- _YOUR GOAL_: Copy all lines of the listing that include the string "GmbH".

- _GIVEN DATA_:
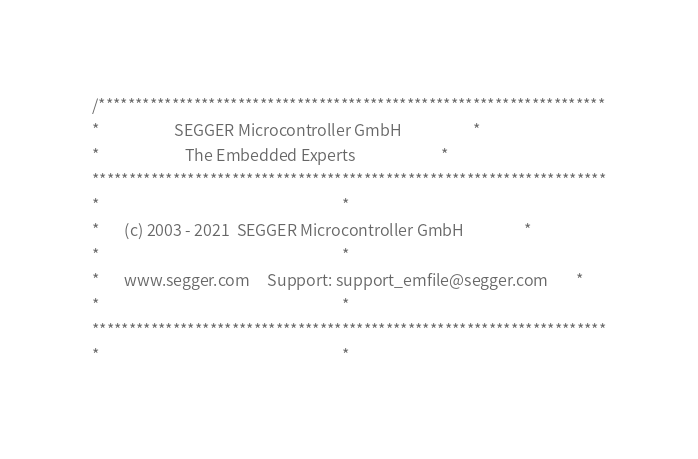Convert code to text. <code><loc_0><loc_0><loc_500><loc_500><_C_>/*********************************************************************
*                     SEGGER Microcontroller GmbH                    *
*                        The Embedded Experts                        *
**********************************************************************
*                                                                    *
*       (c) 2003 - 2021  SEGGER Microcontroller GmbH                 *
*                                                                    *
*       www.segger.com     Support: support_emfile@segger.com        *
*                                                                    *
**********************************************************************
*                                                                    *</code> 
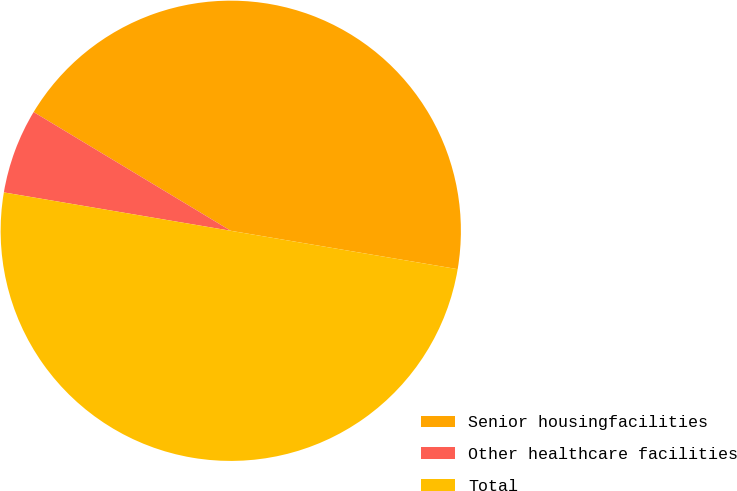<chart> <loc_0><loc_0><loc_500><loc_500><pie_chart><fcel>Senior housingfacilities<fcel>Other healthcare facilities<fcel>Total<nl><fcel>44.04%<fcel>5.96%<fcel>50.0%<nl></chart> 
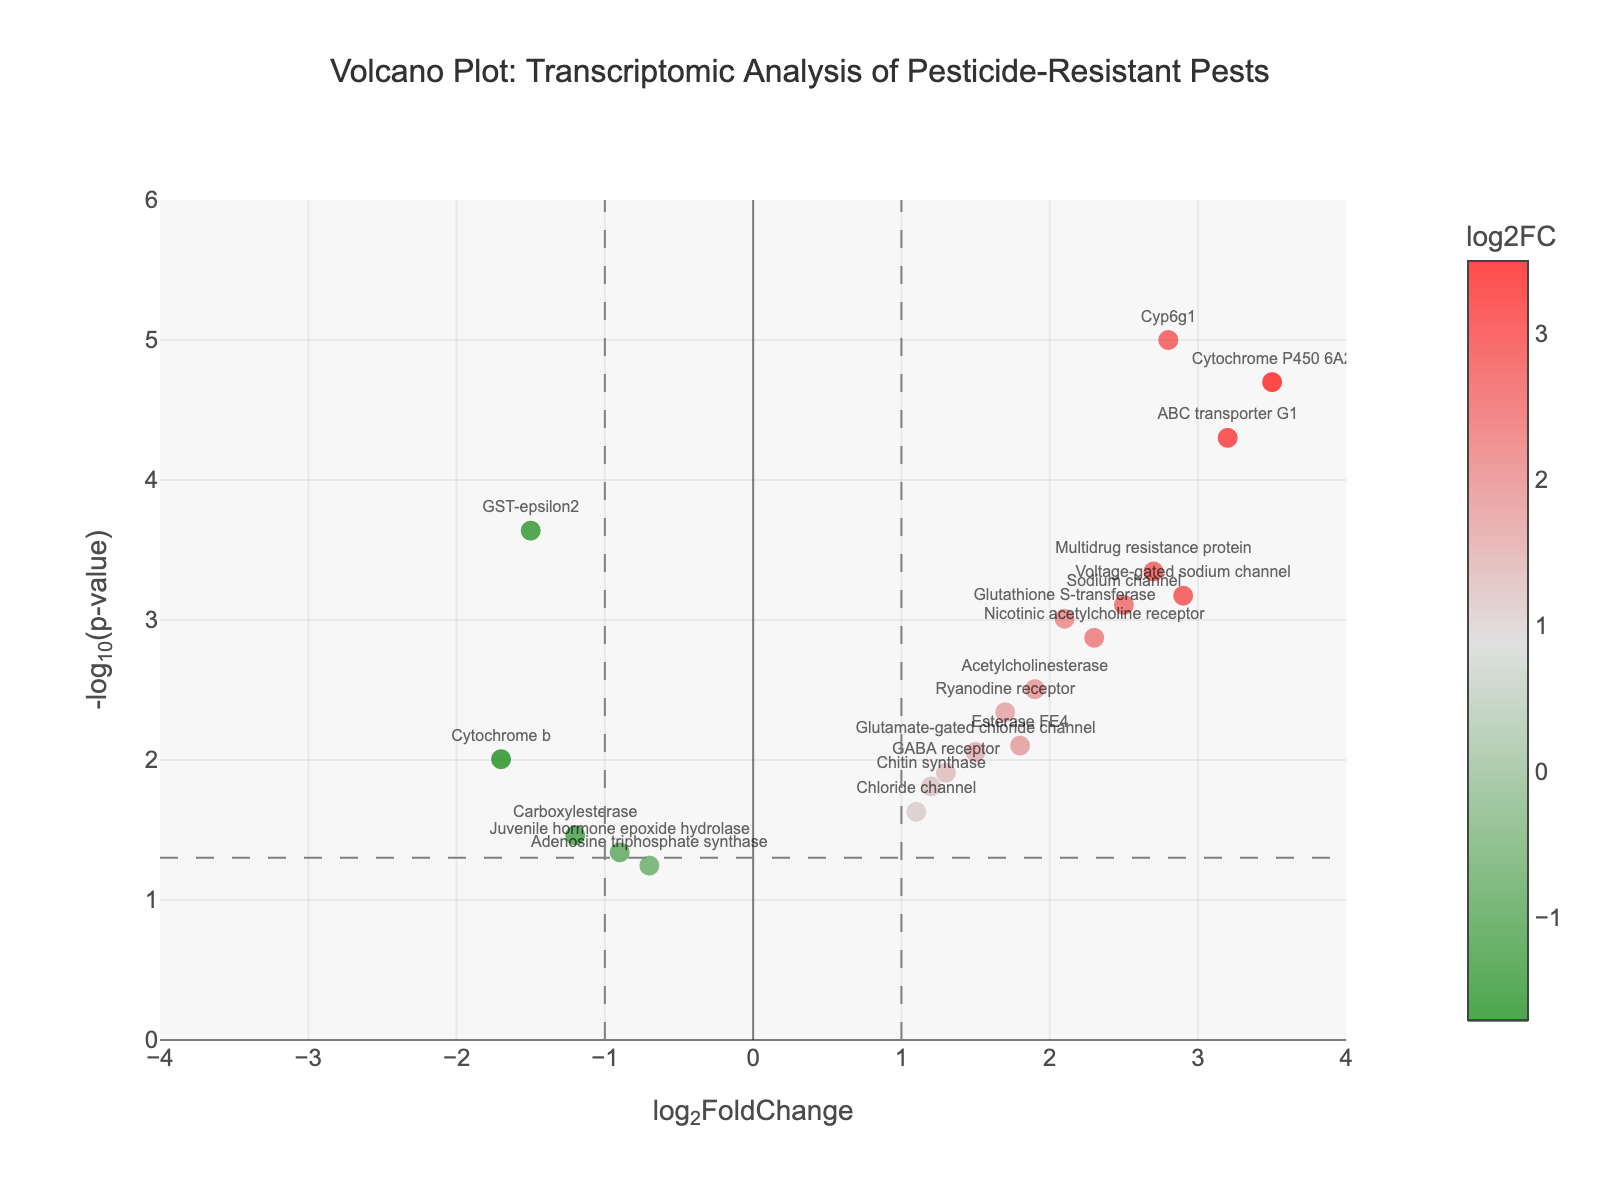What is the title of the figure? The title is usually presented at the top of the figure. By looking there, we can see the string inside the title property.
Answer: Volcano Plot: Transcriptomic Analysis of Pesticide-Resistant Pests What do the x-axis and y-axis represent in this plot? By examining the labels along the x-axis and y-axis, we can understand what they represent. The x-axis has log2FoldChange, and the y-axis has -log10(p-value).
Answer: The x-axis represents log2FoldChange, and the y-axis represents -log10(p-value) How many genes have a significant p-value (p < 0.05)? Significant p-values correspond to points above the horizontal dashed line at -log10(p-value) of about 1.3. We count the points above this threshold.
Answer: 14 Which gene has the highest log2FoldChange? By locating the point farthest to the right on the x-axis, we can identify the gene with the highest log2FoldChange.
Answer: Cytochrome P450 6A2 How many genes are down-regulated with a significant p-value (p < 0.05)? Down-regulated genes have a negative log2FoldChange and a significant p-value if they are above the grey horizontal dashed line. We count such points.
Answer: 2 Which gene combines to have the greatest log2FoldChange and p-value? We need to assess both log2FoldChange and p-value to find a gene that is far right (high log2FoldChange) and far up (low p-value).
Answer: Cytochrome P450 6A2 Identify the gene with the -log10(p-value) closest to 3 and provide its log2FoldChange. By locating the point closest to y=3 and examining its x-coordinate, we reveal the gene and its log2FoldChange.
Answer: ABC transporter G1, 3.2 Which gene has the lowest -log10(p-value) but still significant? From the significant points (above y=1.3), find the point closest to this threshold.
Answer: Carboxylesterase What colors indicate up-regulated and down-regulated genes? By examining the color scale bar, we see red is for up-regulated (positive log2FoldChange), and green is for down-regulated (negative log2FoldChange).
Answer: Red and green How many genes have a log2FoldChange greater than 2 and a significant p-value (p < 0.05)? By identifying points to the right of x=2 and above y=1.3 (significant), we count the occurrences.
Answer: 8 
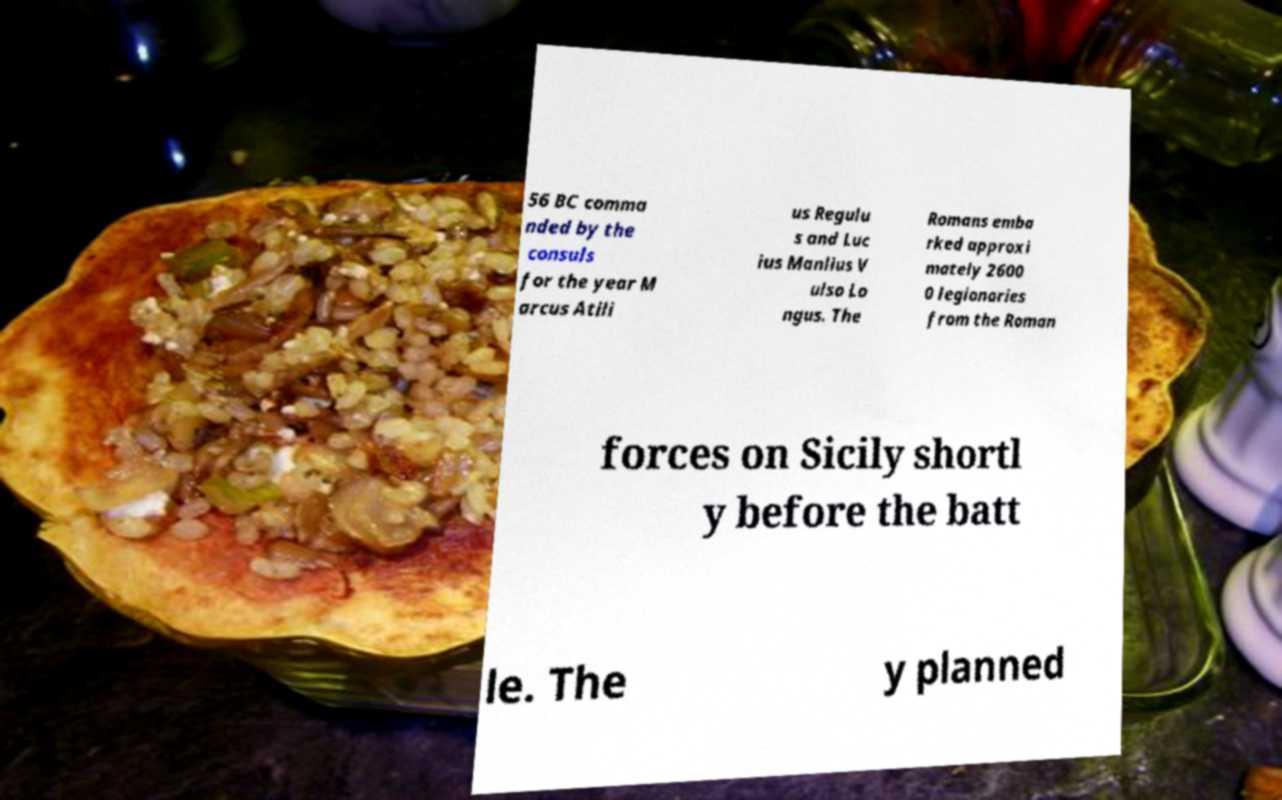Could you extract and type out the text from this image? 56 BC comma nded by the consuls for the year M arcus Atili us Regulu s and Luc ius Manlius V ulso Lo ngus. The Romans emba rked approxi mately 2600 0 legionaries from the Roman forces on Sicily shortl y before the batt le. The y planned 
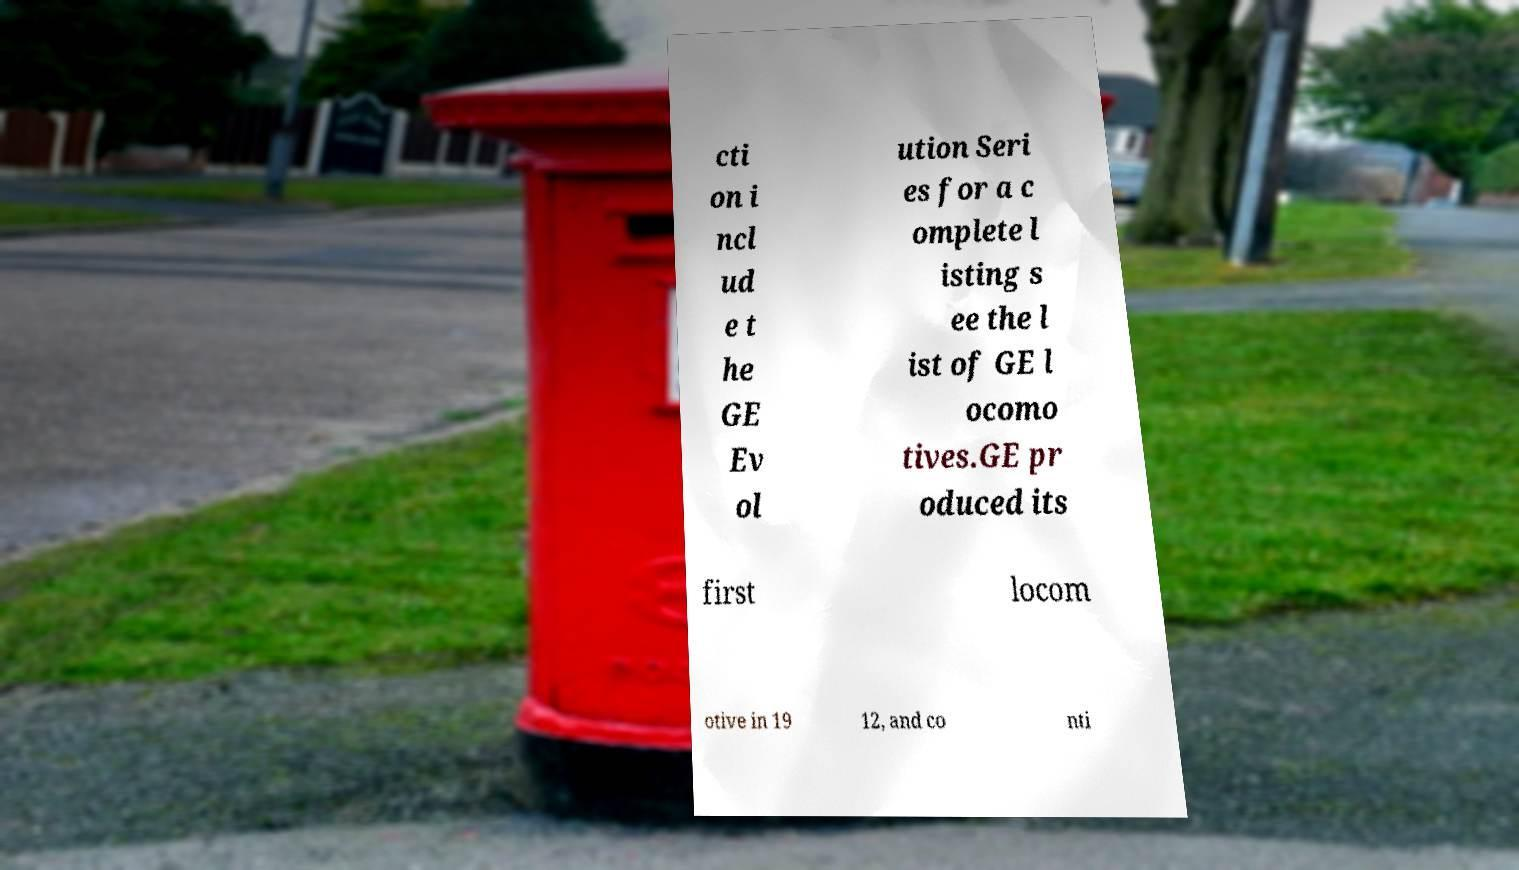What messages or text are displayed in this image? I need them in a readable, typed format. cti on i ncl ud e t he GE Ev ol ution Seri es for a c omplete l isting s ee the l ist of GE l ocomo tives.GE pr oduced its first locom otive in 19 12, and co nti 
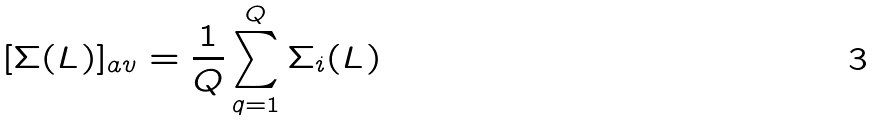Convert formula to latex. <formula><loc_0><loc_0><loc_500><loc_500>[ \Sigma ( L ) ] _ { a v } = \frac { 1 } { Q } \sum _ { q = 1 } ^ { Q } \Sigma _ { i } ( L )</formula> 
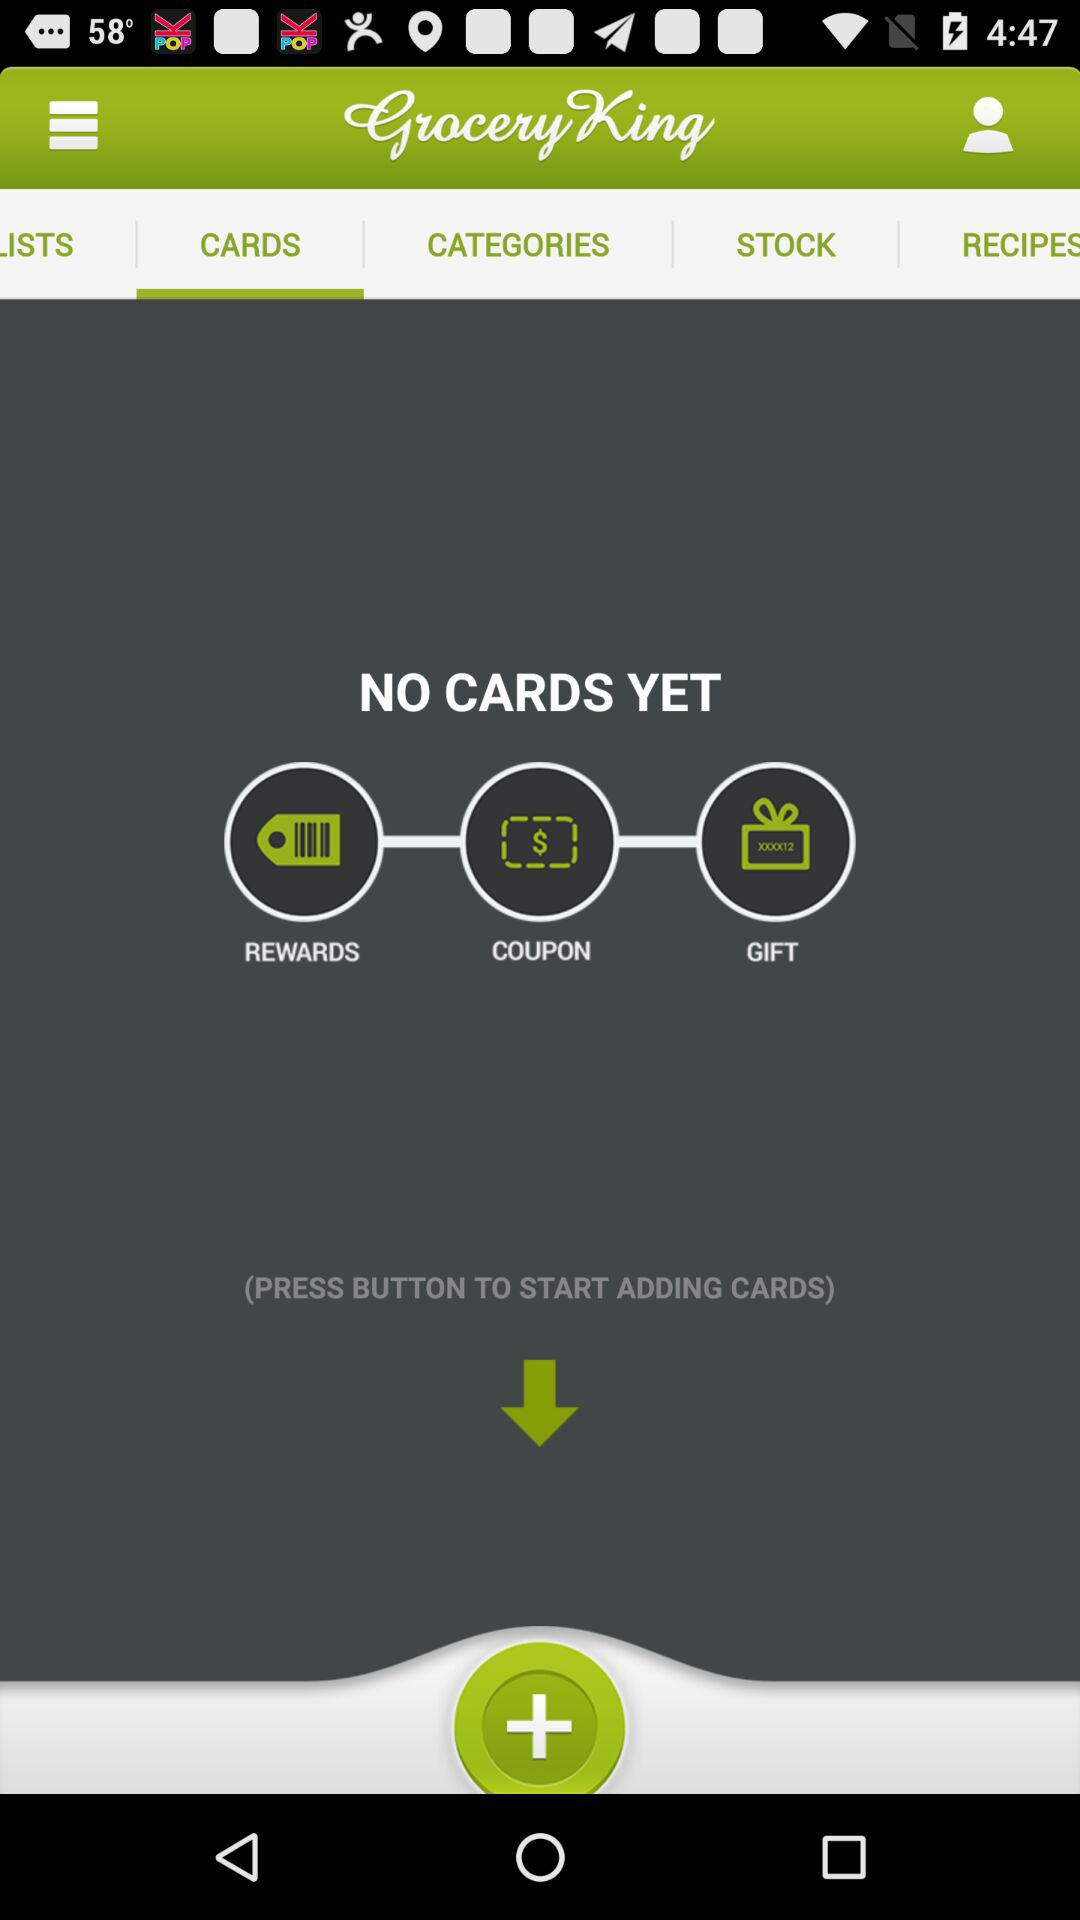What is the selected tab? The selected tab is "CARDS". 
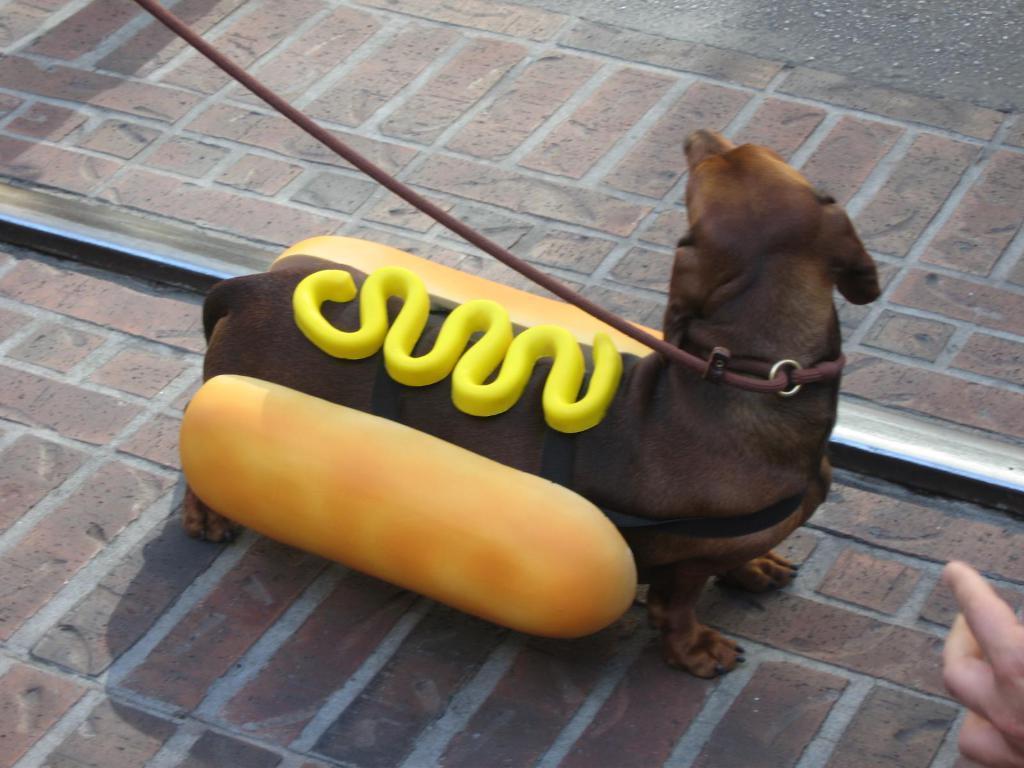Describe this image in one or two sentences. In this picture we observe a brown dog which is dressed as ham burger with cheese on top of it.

- _ANSWER SECTION_:
*                     SEGGER Microcontroller GmbH                    *
*       (c) 2003 - 2021  SEGGER Microcontroller GmbH                 *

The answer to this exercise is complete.